## [ASSIGNMENT]
As the answer, give exactly the lines of the records below from the one with "date: c. 1405" through the one with "title: Plate 23", ends included and pictures left out.

## [DATA RECORDS]
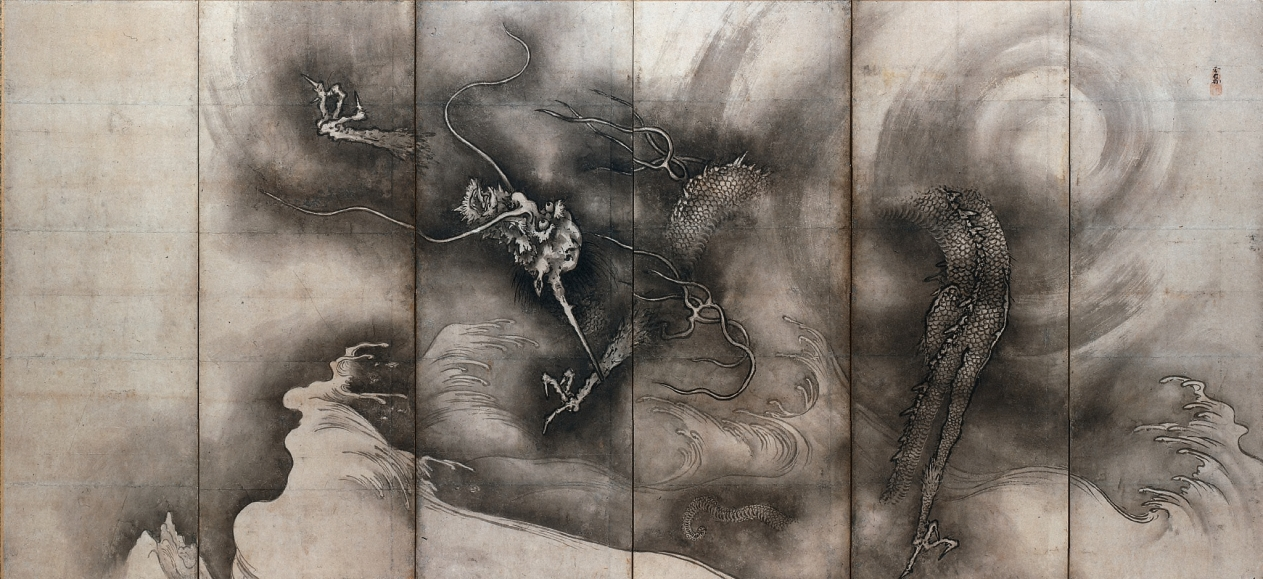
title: Dragon and Tiger
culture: Japan, Muromachi period (1392–1573) to Momoyama period (1573–1615)
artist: Sesson Shūkei (Japanese, c. 1492–c. 1577)
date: c. 1546–56
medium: One of a pair of six-panel folding screens; ink on paper
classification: Painting
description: In Chinese cosmology, dragons produce rain clouds. The dragon disappearing into and reemerging from clouds in this painting seems to generate rough waves in the water below, pulling it toward the sky. The shape of the foreground wave is indirectly sampled from a painting by 13th-century Chinese painter Yujian, a handscroll once owned by the Ashikaga military rulers of Japan. Sesson must have known the famous painting though copies, and made a copy of his own. Here, the wave reinforces the powerful quality of the dragon.
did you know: Sesson's dragon, winding in and out of clouds, may have taken inspiration from Chinese Ming-dynasty works in the style of 13th-century Chinese painter Chen Rong.
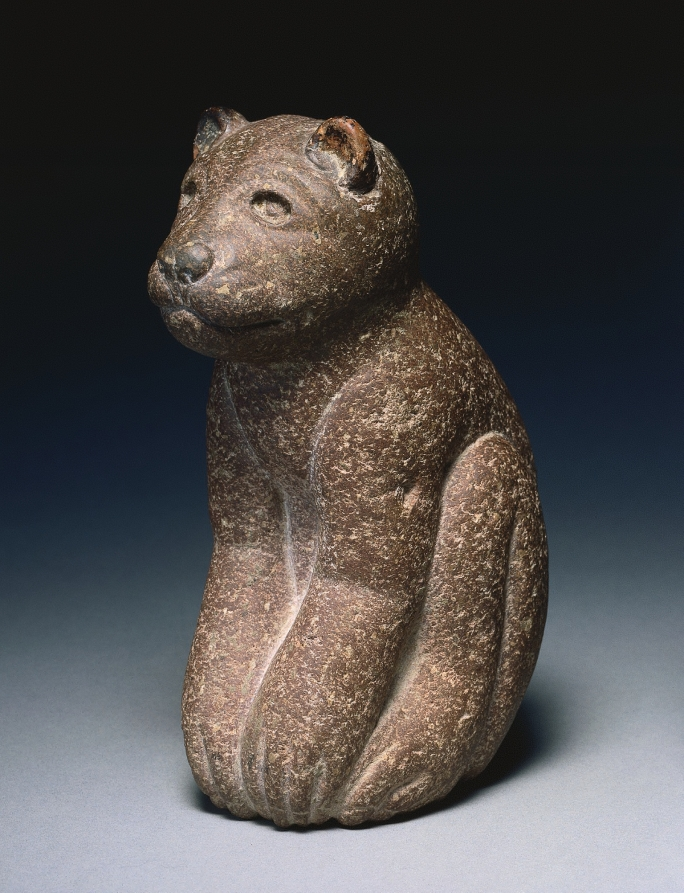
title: Feline
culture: Central Mexico, Aztec, 13th-16th century
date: c. 1200–1519
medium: stone
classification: Sculpture
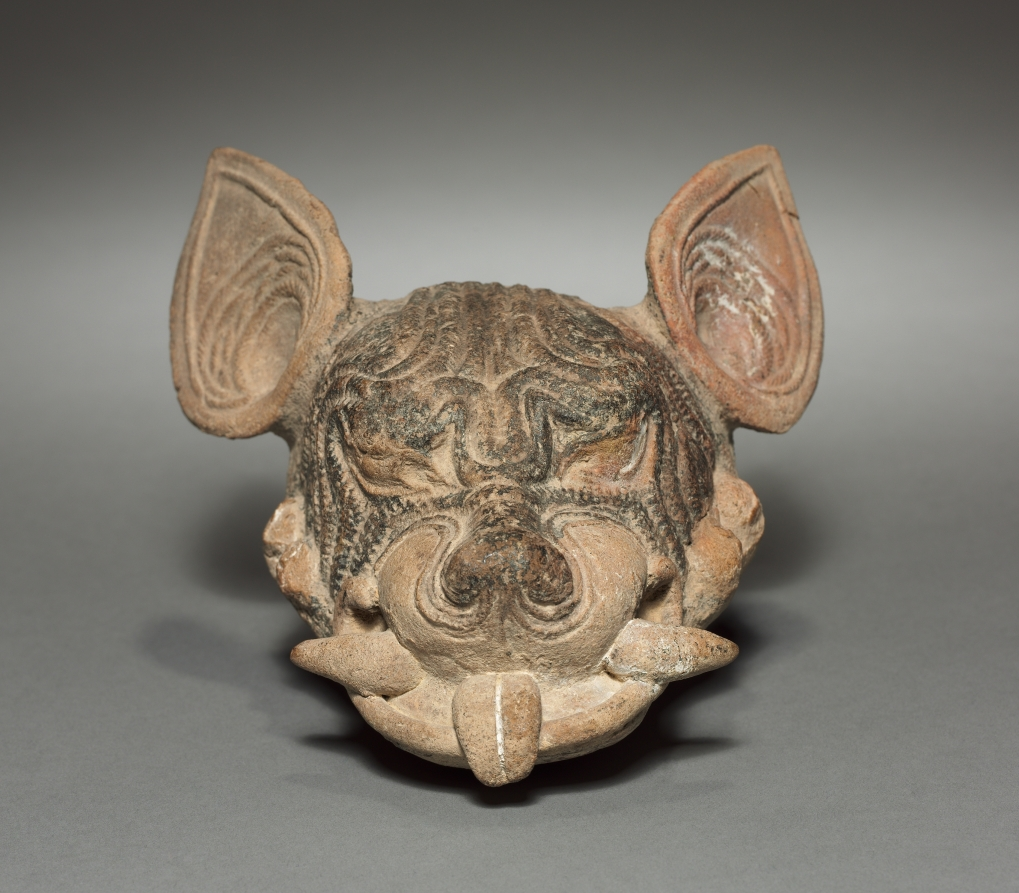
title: Dog Head
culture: Mexico, Gulf Coast
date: 500–1000
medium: earthenware, asphalt and resin paint
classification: Sculpture
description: This dog's snarl and protruding fangs lend him a sinister expression. Although pierced for suspension, the head seems too large and fragile to have been a pendant. Press-molds, used to create the dog's face and ears, were commonly used in the Gulf Coast region, where asphalt occurs naturally and was applied to pottery as a paint after firing.
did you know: This ceramic was analyzed using thermoluminescence dating; it was fired between 900 and 1,500 years ago.
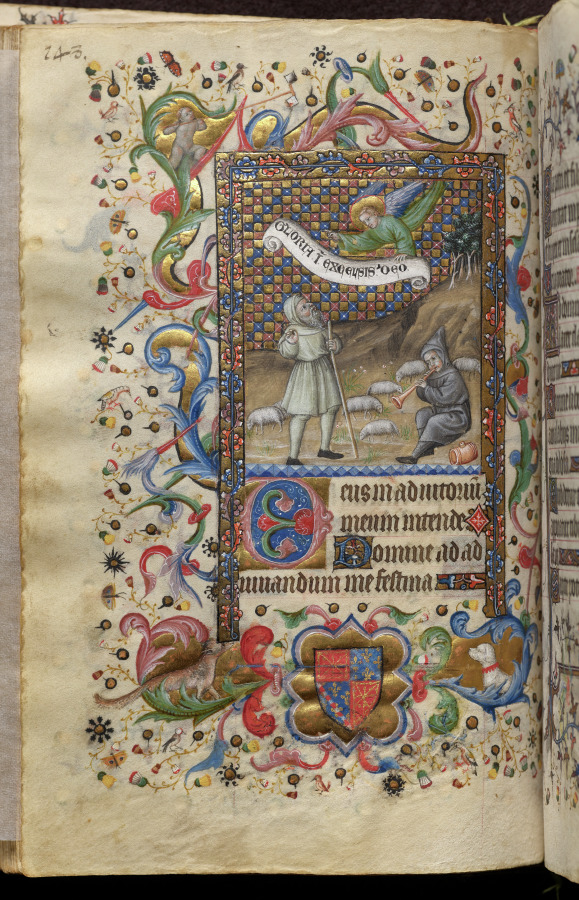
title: Hours of Charles the Noble, King of Navarre (1361-1425): Annunciation to the Shepherds (Tierce), fol. 74 (verso)
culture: France, Paris
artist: Master of the Brussels Initials and Associates (French)
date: c. 1405
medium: ink, tempera, and gold on vellum
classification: Bound Volume
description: This precious volume was obviously highly prized by its owner, the French-born King of Navarre, who had his coat of arms painted on no less than twenty folios. Rather than directly commissioning this manuscript from a specific workshop, it seems that Charles the Noble acquired his book of hours -- perhaps ready-made for the luxury market -- while on a trip to Paris in 1404-05. A collaborative effort, six painting styles are evidenced within the pages of this codex, those of two Italians, two Frenchmen, and two Netherlanders. The painter who was responsible for the planning and decoration of the book, and who produced seventeen of the large miniatures, was a Bolognese artist known as the Master of the Brussels Initials. His principal assistant, responsible for most of the borders, was a Florentine who signed his name "Zecho" da Firenze on folio 208 verso.
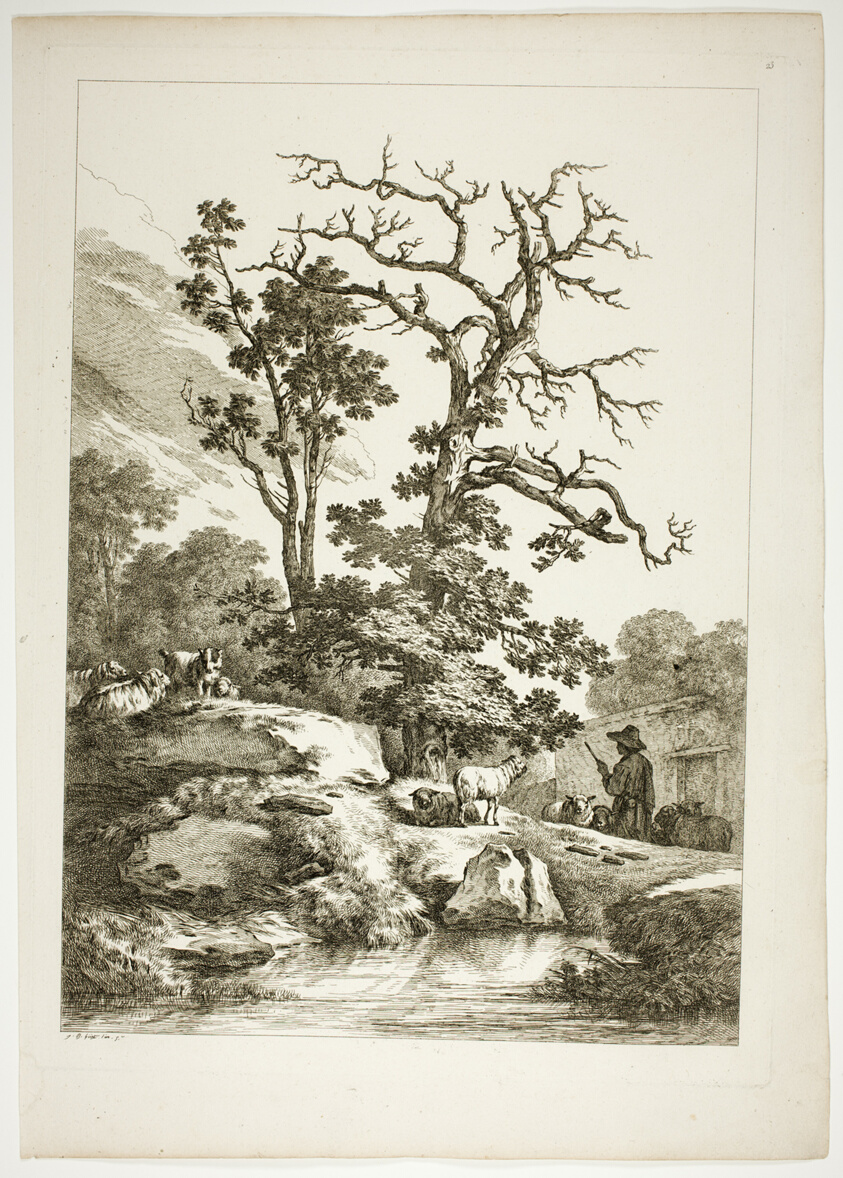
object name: Print
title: Plate 23 of 38 from Oeuvres de J. B. Huet
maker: Jean Baptiste Huet (French, 1745-1811)
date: 1796–99
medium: Etching on paper
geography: France
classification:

## [RESULT OF THE EXERCISE]
date: c. 1405
medium: ink, tempera, and gold on vellum
classification: Bound Volume
description: This precious volume was obviously highly prized by its owner, the French-born King of Navarre, who had his coat of arms painted on no less than twenty folios. Rather than directly commissioning this manuscript from a specific workshop, it seems that Charles the Noble acquired his book of hours -- perhaps ready-made for the luxury market -- while on a trip to Paris in 1404-05. A collaborative effort, six painting styles are evidenced within the pages of this codex, those of two Italians, two Frenchmen, and two Netherlanders. The painter who was responsible for the planning and decoration of the book, and who produced seventeen of the large miniatures, was a Bolognese artist known as the Master of the Brussels Initials. His principal assistant, responsible for most of the borders, was a Florentine who signed his name "Zecho" da Firenze on folio 208 verso.
object name: Print
title: Plate 23 of 38 from Oeuvres de J. B. Huet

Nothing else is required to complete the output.